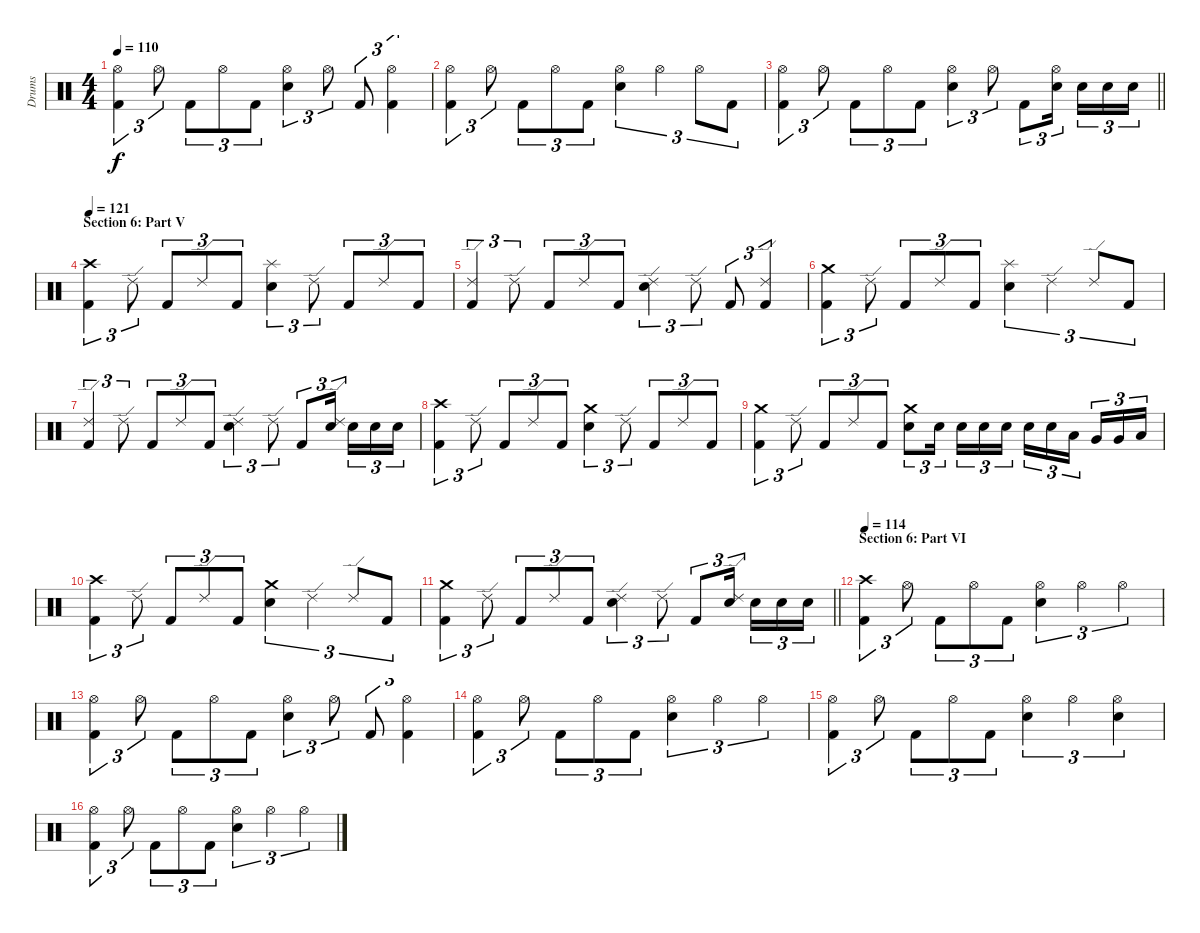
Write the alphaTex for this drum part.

\track ("Drums" "Drums") {instrument percussion}
\staff {score}
\articulation defaults
\ts (4 4)
\tempo 110
\clef neutral
\ks c
("Hi-Hat (open)" "Kick (hit) 2").4{tu (3 2) dy f} "Hi-Hat (open)".8{tu (3 2)} "Kick (hit) 2".8{tu (3 2)} "Hi-Hat (open)".8{tu (3 2)} "Kick (hit) 2".8{tu (3 2)} ("Hi-Hat (open)" "Electric Snare (hit)").4{tu (3 2)} "Hi-Hat (open)".8{tu (3 2)} "Kick (hit) 2".8{tu (3 2)} ("Hi-Hat (open)" "Kick (hit) 2").4{tu (3 2)} |
("Hi-Hat (open)" "Kick (hit) 2").4{tu (3 2)} "Hi-Hat (open)".8{tu (3 2)} "Kick (hit) 2".8{tu (3 2)} "Hi-Hat (open)".8{tu (3 2)} "Kick (hit) 2".8{tu (3 2)} ("Hi-Hat (open)" "Electric Snare (hit)").4{tu (3 2)} "Hi-Hat (open)".4{tu (3 2)} "Hi-Hat (open)".8{tu (3 2)} "Kick (hit) 2".8{tu (3 2)} |
\barLineRight lightlight
("Hi-Hat (open)" "Kick (hit) 2").4{tu (3 2)} "Hi-Hat (open)".8{tu (3 2)} "Kick (hit) 2".8{tu (3 2)} "Hi-Hat (open)".8{tu (3 2)} "Kick (hit) 2".8{tu (3 2)} ("Hi-Hat (open)" "Electric Snare (hit)").4{tu (3 2)} "Hi-Hat (open)".8{tu (3 2)} "Kick (hit) 2".8{tu (3 2)} ("Hi-Hat (open)" "Electric Snare (hit)").16{tu (3 2) beam splitsecondary} "Electric Snare (hit)".16{tu (3 2)} "Electric Snare (hit)".16{tu (3 2)} "Electric Snare (hit)".16{tu (3 2)} |
\section ("" "Section 6: Part V")
\tempo 121
("Crash high (hit)" "Kick (hit) 2").4{tu (3 2) volume 16} "Ride (edge) 2".8{tu (3 2)} "Kick (hit) 2".8{tu (3 2)} "Ride (edge) 2".8{tu (3 2)} "Kick (hit) 2".8{tu (3 2)} ("Splash (hit)" "Electric Snare (hit)").4{tu (3 2)} "Ride (edge) 2".8{tu (3 2)} "Kick (hit) 2".8{tu (3 2)} "Ride (edge) 2".8{tu (3 2)} "Kick (hit) 2".8{tu (3 2)} |
("Ride (edge) 2" "Kick (hit) 2").4{tu (3 2)} "Ride (edge) 2".8{tu (3 2)} "Kick (hit) 2".8{tu (3 2)} "Ride (edge) 2".8{tu (3 2)} "Kick (hit) 2".8{tu (3 2)} ("Ride (edge) 2" "Electric Snare (hit)").4{tu (3 2)} "Ride (edge) 2".8{tu (3 2)} "Kick (hit) 2".8{tu (3 2)} ("Ride (edge) 2" "Kick (hit) 2").4{tu (3 2)} |
("Crash medium (hit)" "Kick (hit) 2").4{tu (3 2)} "Ride (edge) 2".8{tu (3 2)} "Kick (hit) 2".8{tu (3 2)} "Ride (edge) 2".8{tu (3 2)} "Kick (hit) 2".8{tu (3 2)} ("Splash (hit)" "Electric Snare (hit)").4{tu (3 2)} "Ride (edge) 2".4{tu (3 2)} "Ride (edge) 2".8{tu (3 2)} "Kick (hit) 2".8{tu (3 2)} |
("Ride (edge) 2" "Kick (hit) 2").4{tu (3 2)} "Ride (edge) 2".8{tu (3 2)} "Kick (hit) 2".8{tu (3 2)} "Ride (edge) 2".8{tu (3 2)} "Kick (hit) 2".8{tu (3 2)} ("Ride (edge) 2" "Electric Snare (hit)").4{tu (3 2)} "Ride (edge) 2".8{tu (3 2)} "Kick (hit) 2".8{tu (3 2)} ("Ride (edge) 2" "Electric Snare (hit)").16{tu (3 2) beam splitsecondary} "Electric Snare (hit)".16{tu (3 2)} "Electric Snare (hit)".16{tu (3 2)} "Electric Snare (hit)".16{tu (3 2)} |
("Crash high (hit)" "Kick (hit) 2").4{tu (3 2)} "Ride (edge) 2".8{tu (3 2)} "Kick (hit) 2".8{tu (3 2)} "Ride (edge) 2".8{tu (3 2)} "Kick (hit) 2".8{tu (3 2)} ("Crash medium (hit)" "Electric Snare (hit)").4{tu (3 2)} "Ride (edge) 2".8{tu (3 2)} "Kick (hit) 2".8{tu (3 2)} "Ride (edge) 2".8{tu (3 2)} "Kick (hit) 2".8{tu (3 2)} |
("Crash medium (hit)" "Kick (hit) 2").4{tu (3 2)} "Ride (edge) 2".8{tu (3 2)} "Kick (hit) 2".8{tu (3 2)} "Ride (edge) 2".8{tu (3 2)} "Kick (hit) 2".8{tu (3 2)} ("Crash medium (hit)" "Electric Snare (hit)").8{tu (3 2)} "Electric Snare (hit)".16{tu (3 2) beam splitsecondary} "Electric Snare (hit)".16{tu (3 2)} "Electric Snare (hit)".16{tu (3 2)} "Electric Snare (hit)".16{tu (3 2)} "Electric Snare (hit)".16{tu (3 2)} "Electric Snare (hit)".16{tu (3 2)} "Low Tom (hit)".16{tu (3 2) beam splitsecondary} "Very Low Tom (hit)".16{tu (3 2)} "Very Low Tom (hit)".16{tu (3 2)} "Low Floor Tom (hit)".16{tu (3 2)} |
("Crash high (hit)" "Kick (hit) 2").4{tu (3 2)} "Ride (edge) 2".8{tu (3 2)} "Kick (hit) 2".8{tu (3 2)} "Ride (edge) 2".8{tu (3 2)} "Kick (hit) 2".8{tu (3 2)} ("Crash medium (hit)" "Electric Snare (hit)").4{tu (3 2)} "Ride (edge) 2".4{tu (3 2)} "Ride (edge) 2".8{tu (3 2)} "Kick (hit) 2".8{tu (3 2)} |
\barLineRight lightlight
("Crash medium (hit)" "Kick (hit) 2").4{tu (3 2)} "Ride (edge) 2".8{tu (3 2)} "Kick (hit) 2".8{tu (3 2)} "Ride (edge) 2".8{tu (3 2)} "Kick (hit) 2".8{tu (3 2)} ("Ride (edge) 2" "Electric Snare (hit)").4{tu (3 2)} "Ride (edge) 2".8{tu (3 2)} "Kick (hit) 2".8{tu (3 2)} ("Ride (edge) 2" "Electric Snare (hit)").16{tu (3 2) beam splitsecondary} "Electric Snare (hit)".16{tu (3 2)} "Electric Snare (hit)".16{tu (3 2)} "Electric Snare (hit)".16{tu (3 2)} |
\section ("" "Section 6: Part VI")
\tempo 114
("Crash high (hit)" "Kick (hit) 2").4{tu (3 2)} "Hi-Hat (open)".8{tu (3 2)} "Kick (hit) 2".8{tu (3 2)} "Hi-Hat (open)".8{tu (3 2)} "Kick (hit) 2".8{tu (3 2)} ("Hi-Hat (open)" "Electric Snare (hit)").4{tu (3 2)} "Hi-Hat (open)".4{tu (3 2)} "Hi-Hat (open)".4{tu (3 2)} |
("Hi-Hat (open)" "Kick (hit) 2").4{tu (3 2)} "Hi-Hat (open)".8{tu (3 2)} "Kick (hit) 2".8{tu (3 2)} "Hi-Hat (open)".8{tu (3 2)} "Kick (hit) 2".8{tu (3 2)} ("Hi-Hat (open)" "Electric Snare (hit)").4{tu (3 2)} "Hi-Hat (open)".8{tu (3 2)} "Kick (hit) 2".8{tu (3 2)} ("Hi-Hat (open)" "Kick (hit) 2").4{tu (3 2)} |
("Hi-Hat (open)" "Kick (hit) 2").4{tu (3 2)} "Hi-Hat (open)".8{tu (3 2)} "Kick (hit) 2".8{tu (3 2)} "Hi-Hat (open)".8{tu (3 2)} "Kick (hit) 2".8{tu (3 2)} ("Hi-Hat (open)" "Electric Snare (hit)").4{tu (3 2)} "Hi-Hat (open)".4{tu (3 2)} "Hi-Hat (open)".4{tu (3 2)} |
("Hi-Hat (open)" "Kick (hit) 2").4{tu (3 2)} "Hi-Hat (open)".8{tu (3 2)} "Kick (hit) 2".8{tu (3 2)} "Hi-Hat (open)".8{tu (3 2)} "Kick (hit) 2".8{tu (3 2)} ("Hi-Hat (open)" "Electric Snare (hit)").4{tu (3 2)} "Hi-Hat (open)".4{tu (3 2)} ("Hi-Hat (open)" "Electric Snare (hit)").4{tu (3 2)} |
("Hi-Hat (open)" "Kick (hit) 2").4{tu (3 2)} "Hi-Hat (open)".8{tu (3 2)} "Kick (hit) 2".8{tu (3 2)} "Hi-Hat (open)".8{tu (3 2)} "Kick (hit) 2".8{tu (3 2)} ("Hi-Hat (open)" "Electric Snare (hit)").4{tu (3 2)} "Hi-Hat (open)".4{tu (3 2)} "Hi-Hat (open)".4{tu (3 2)}
####
(ABOUT THIS EXERCISE)
The word to find is "section". Copy every line of the records that holds it.

(TASK ANSWER)
\section ("" "Section 6: Part V")
\section ("" "Section 6: Part VI")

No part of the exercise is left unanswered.